A towering future for the full block at 701 Trinity Street bound by Neches, Trinity, Seventh and Eighth Streets could finally take shape, after years of speculation and modifications to a challenging design in a challenging location. What’s known as Block 87 in the original downtown Austin plan, now home only to a parking lot, was originally purchased by the Episcopal Church all the way back in 2009 — as in, 11 years ago — as the future site of a planned building to house the church’s archives.
That building wasn’t very tall circa 2012, with another aborted 2015 plan bringing the notion of more height to the site. By 2017 we had a plan with design from Gensler Austin backed by developers Cielo Property Group that would have brought us a 37-floor mixed-use tower containing the Episcopal Church archives, restaurant space, several floors of offices, a hotel, and condominiums.
Those last two would occupy the structure’s much smaller tower portion on its southwest corner, its triangular footprint designed to avoid the path of Capitol View Corridors passing over the vast majority of the property — in other words, there were some constraints you had to work around to even begin designing a tower suitable for this location. But about this time last year, the church ended up selling the property to its developers Cielo outright, seemingly no longer interested in placing its archives there and ready to cash out on a property that likely sold for a lot more than its reported taxable value of roughly $12.7 million.

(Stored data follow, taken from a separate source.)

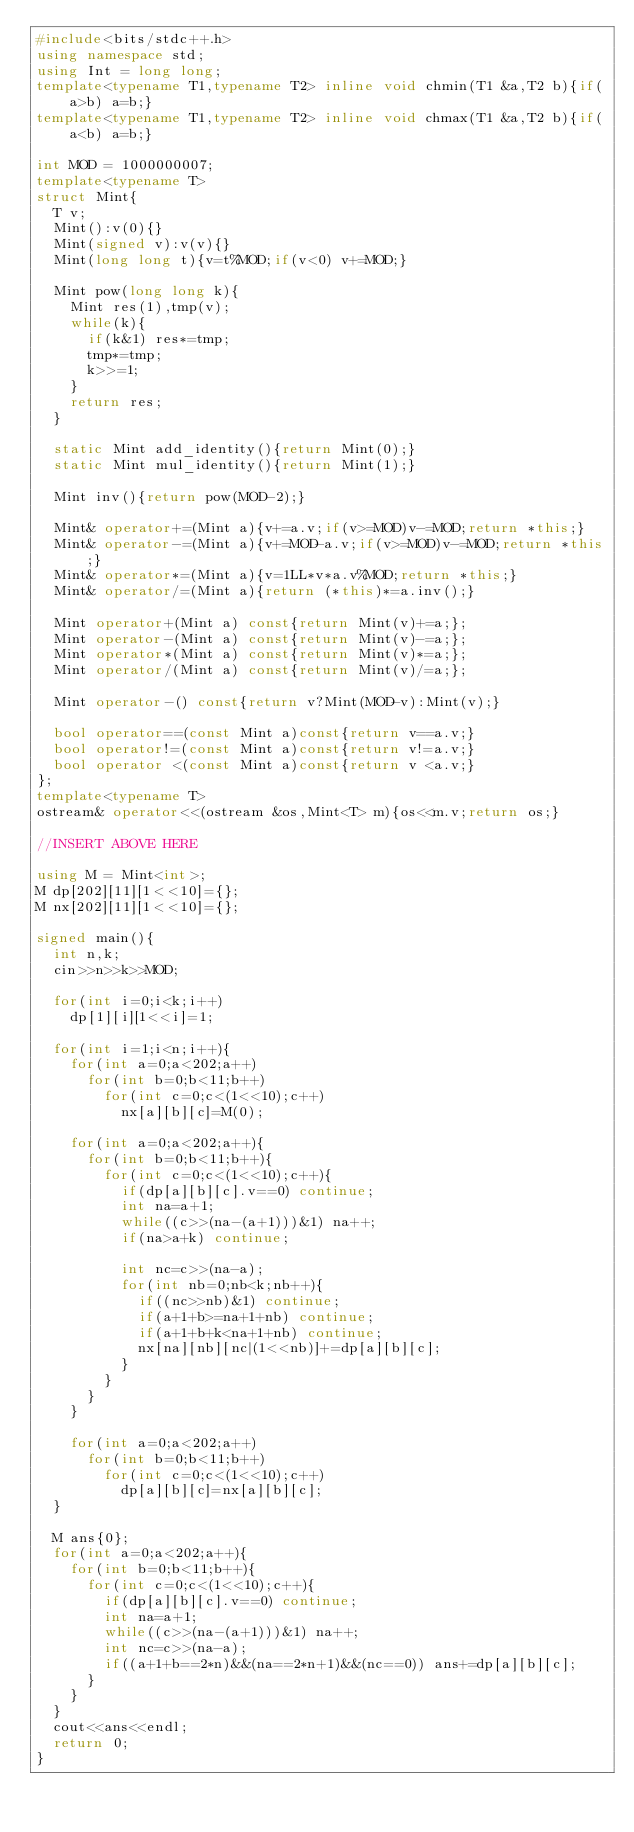Convert code to text. <code><loc_0><loc_0><loc_500><loc_500><_C++_>#include<bits/stdc++.h>
using namespace std;
using Int = long long;
template<typename T1,typename T2> inline void chmin(T1 &a,T2 b){if(a>b) a=b;}
template<typename T1,typename T2> inline void chmax(T1 &a,T2 b){if(a<b) a=b;}

int MOD = 1000000007;
template<typename T>
struct Mint{
  T v;
  Mint():v(0){}
  Mint(signed v):v(v){}
  Mint(long long t){v=t%MOD;if(v<0) v+=MOD;}

  Mint pow(long long k){
    Mint res(1),tmp(v);
    while(k){
      if(k&1) res*=tmp;
      tmp*=tmp;
      k>>=1;
    }
    return res;
  }

  static Mint add_identity(){return Mint(0);}
  static Mint mul_identity(){return Mint(1);}

  Mint inv(){return pow(MOD-2);}

  Mint& operator+=(Mint a){v+=a.v;if(v>=MOD)v-=MOD;return *this;}
  Mint& operator-=(Mint a){v+=MOD-a.v;if(v>=MOD)v-=MOD;return *this;}
  Mint& operator*=(Mint a){v=1LL*v*a.v%MOD;return *this;}
  Mint& operator/=(Mint a){return (*this)*=a.inv();}

  Mint operator+(Mint a) const{return Mint(v)+=a;};
  Mint operator-(Mint a) const{return Mint(v)-=a;};
  Mint operator*(Mint a) const{return Mint(v)*=a;};
  Mint operator/(Mint a) const{return Mint(v)/=a;};

  Mint operator-() const{return v?Mint(MOD-v):Mint(v);}

  bool operator==(const Mint a)const{return v==a.v;}
  bool operator!=(const Mint a)const{return v!=a.v;}
  bool operator <(const Mint a)const{return v <a.v;}
};
template<typename T>
ostream& operator<<(ostream &os,Mint<T> m){os<<m.v;return os;}

//INSERT ABOVE HERE

using M = Mint<int>;
M dp[202][11][1<<10]={};
M nx[202][11][1<<10]={};

signed main(){
  int n,k;
  cin>>n>>k>>MOD;

  for(int i=0;i<k;i++)
    dp[1][i][1<<i]=1;

  for(int i=1;i<n;i++){
    for(int a=0;a<202;a++)
      for(int b=0;b<11;b++)
        for(int c=0;c<(1<<10);c++)
          nx[a][b][c]=M(0);

    for(int a=0;a<202;a++){
      for(int b=0;b<11;b++){
        for(int c=0;c<(1<<10);c++){
          if(dp[a][b][c].v==0) continue;
          int na=a+1;
          while((c>>(na-(a+1)))&1) na++;
          if(na>a+k) continue;

          int nc=c>>(na-a);
          for(int nb=0;nb<k;nb++){
            if((nc>>nb)&1) continue;
            if(a+1+b>=na+1+nb) continue;
            if(a+1+b+k<na+1+nb) continue;
            nx[na][nb][nc|(1<<nb)]+=dp[a][b][c];
          }
        }
      }
    }

    for(int a=0;a<202;a++)
      for(int b=0;b<11;b++)
        for(int c=0;c<(1<<10);c++)
          dp[a][b][c]=nx[a][b][c];
  }

  M ans{0};
  for(int a=0;a<202;a++){
    for(int b=0;b<11;b++){
      for(int c=0;c<(1<<10);c++){
        if(dp[a][b][c].v==0) continue;
        int na=a+1;
        while((c>>(na-(a+1)))&1) na++;
        int nc=c>>(na-a);
        if((a+1+b==2*n)&&(na==2*n+1)&&(nc==0)) ans+=dp[a][b][c];
      }
    }
  }
  cout<<ans<<endl;
  return 0;
}

</code>

Now that Cielo’s taken the reins in earnest, we’ve gotten our hands on the latest plans for what the developer has in store for the site — and though this building sports an all-new design from enormous international architecture firm Perkins & Will, what we see here is fairly similar to the previous tower’s orientation, owing to the design constraints of the view corridors over the tract. It’s also 31 stories tall now, not 37.
The most immediately obvious tweak to the project’s architecture visible in the fairly limited illustrations seen here is the curved edges of its triangular tower component, rather than the sharper corners we saw in illustrations of the previous design. It may not sound like much, but between the similarly curved corners of Tower 5C and the gorgeous sail-like curves of Pelli Clarke Pelli’s Block 185 tower underway across town, this design touch almost feels like an emerging local trend.

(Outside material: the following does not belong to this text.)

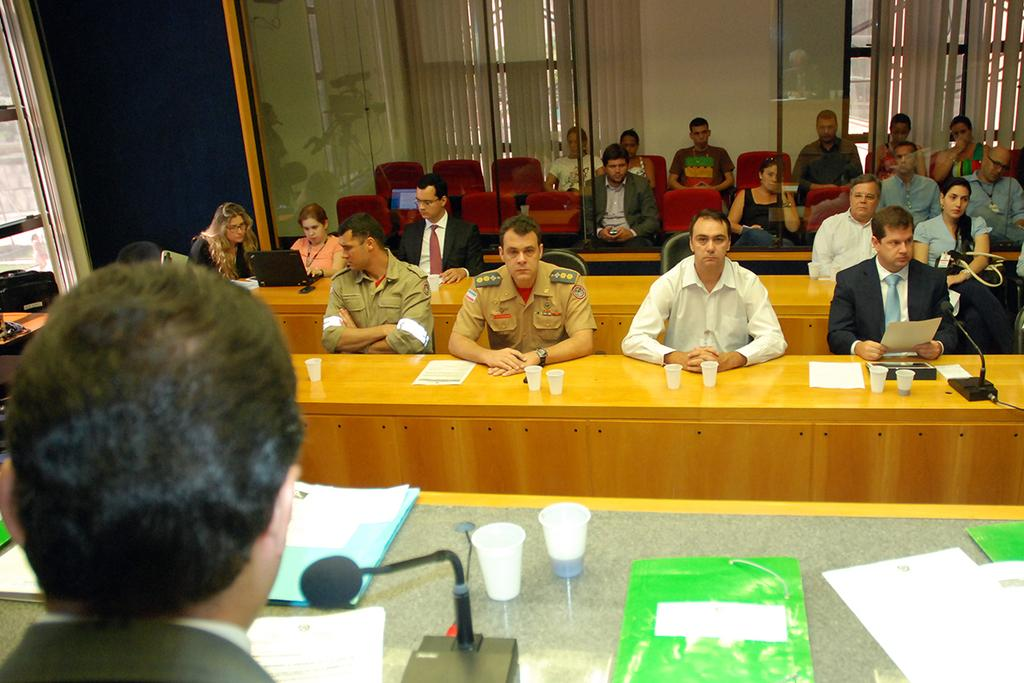How many people are in the image? There is a group of people in the image. What are the people doing in the image? The people are sitting on chairs. Where are the chairs located in relation to the table? The chairs are in front of a table. What can be found on the table in the image? There are cups and a microphone on the table, but where are the chickens in the image? What type of trouble might the people be discussing at the table? The image does not provide any information about the conversation or topic being discussed. Is there a truck visible in the image? There is no truck present in the image.

You’ll also notice there’s a seemingly open-air central courtyard labeled in the site plan illustration above, found smack in the center of the building’s podium. The previous Gensler Austin design for Block 87 included a “market” space of some kind inside the podium, and though it’s unclear if that idea will stick around, it’s obviously something the developers have thought about a lot over the years — this could be a new take on that, or something entirely different, but the courtyard feature is new.

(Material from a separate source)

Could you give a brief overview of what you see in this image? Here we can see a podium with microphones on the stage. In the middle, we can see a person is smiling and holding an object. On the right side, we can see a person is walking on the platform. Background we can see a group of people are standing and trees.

Exterior elevations for the tower are light on detail, other than showing the height of the tower’s podium and the tower itself. Still, even with those balconies on the edges it’s pretty clear we’re looking at a curved tower, especially when you compare the illustrations to the shape of the tower’s footprint on the site plan. Pour one out for Block 87’s old “sharp wedge of cheese” look, but the curves are way more interesting.
The largest change in use outlined in these plans is the elimination of the project’s hotel component, with only residential, office, and retail/restaurant uses identified. We’re now working with 360 residential units across 17 floors of the building’s tower section, 381,400 square feet of office space spread between nine floors, and 15,700 square feet of ground-floor retail space.
There’s also 13,100 square feet of additional commercial space on the ground floor specifically designated with a restaurant use — which makes us wonder if that separate retail space implies the previous tower plan’s market component lived on in some capacity. There are 1,145 parking spaces included in its five levels of below-grade garage, plus 64 spaces for bikes, which take up way less room than cars.
Even if the tweaks to the building are minor, they’re certainly interesting — and we won’t know exactly how much the tower actually differs cosmetically from what was planned before until we see 3D renderings instead of these illustrations, something we can look forward to when the project seeks its density bonus from the City of Austin’s Design Commission. Though we don’t have a timeline for its construction at the moment, the development’s site plan is currently in review — meaning we could get a better view sometime this year. After more than a decade, we’d take almost anything.